BEGIN GIVEN DATA
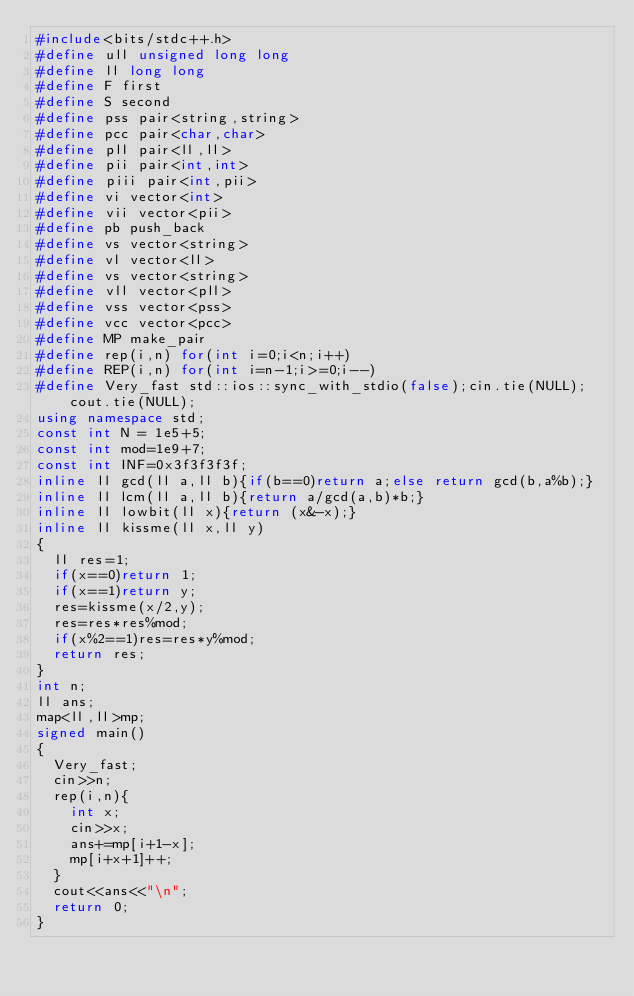<code> <loc_0><loc_0><loc_500><loc_500><_C++_>#include<bits/stdc++.h>
#define ull unsigned long long
#define ll long long
#define F first
#define S second
#define pss pair<string,string>
#define pcc pair<char,char>
#define pll pair<ll,ll>
#define pii pair<int,int>
#define piii pair<int,pii>
#define vi vector<int>
#define vii vector<pii>
#define pb push_back
#define vs vector<string>
#define vl vector<ll>
#define vs vector<string>
#define vll vector<pll>
#define vss vector<pss>
#define vcc vector<pcc>
#define MP make_pair
#define rep(i,n) for(int i=0;i<n;i++)
#define REP(i,n) for(int i=n-1;i>=0;i--)
#define Very_fast std::ios::sync_with_stdio(false);cin.tie(NULL);cout.tie(NULL);
using namespace std;
const int N = 1e5+5;
const int mod=1e9+7;
const int INF=0x3f3f3f3f;
inline ll gcd(ll a,ll b){if(b==0)return a;else return gcd(b,a%b);}
inline ll lcm(ll a,ll b){return a/gcd(a,b)*b;}
inline ll lowbit(ll x){return (x&-x);}
inline ll kissme(ll x,ll y)
{
	ll res=1;
	if(x==0)return 1;
	if(x==1)return y;
	res=kissme(x/2,y);
	res=res*res%mod;
	if(x%2==1)res=res*y%mod;
	return res;
}
int n;
ll ans;
map<ll,ll>mp;
signed main()
{
	Very_fast;
	cin>>n;
	rep(i,n){
		int x;
		cin>>x;
		ans+=mp[i+1-x];
		mp[i+x+1]++;
	}
	cout<<ans<<"\n";
	return 0;
}</code>
END GIVEN DATA
→ **WORK TO COMPLETE**
Exclude the pictures, then write out every record exactly as it stands.

→ **EXERCISE OUTPUT**
<code> <loc_0><loc_0><loc_500><loc_500><_C++_>#include<bits/stdc++.h>
#define ull unsigned long long
#define ll long long
#define F first
#define S second
#define pss pair<string,string>
#define pcc pair<char,char>
#define pll pair<ll,ll>
#define pii pair<int,int>
#define piii pair<int,pii>
#define vi vector<int>
#define vii vector<pii>
#define pb push_back
#define vs vector<string>
#define vl vector<ll>
#define vs vector<string>
#define vll vector<pll>
#define vss vector<pss>
#define vcc vector<pcc>
#define MP make_pair
#define rep(i,n) for(int i=0;i<n;i++)
#define REP(i,n) for(int i=n-1;i>=0;i--)
#define Very_fast std::ios::sync_with_stdio(false);cin.tie(NULL);cout.tie(NULL);
using namespace std;
const int N = 1e5+5;
const int mod=1e9+7;
const int INF=0x3f3f3f3f;
inline ll gcd(ll a,ll b){if(b==0)return a;else return gcd(b,a%b);}
inline ll lcm(ll a,ll b){return a/gcd(a,b)*b;}
inline ll lowbit(ll x){return (x&-x);}
inline ll kissme(ll x,ll y)
{
	ll res=1;
	if(x==0)return 1;
	if(x==1)return y;
	res=kissme(x/2,y);
	res=res*res%mod;
	if(x%2==1)res=res*y%mod;
	return res;
}
int n;
ll ans;
map<ll,ll>mp;
signed main()
{
	Very_fast;
	cin>>n;
	rep(i,n){
		int x;
		cin>>x;
		ans+=mp[i+1-x];
		mp[i+x+1]++;
	}
	cout<<ans<<"\n";
	return 0;
}</code>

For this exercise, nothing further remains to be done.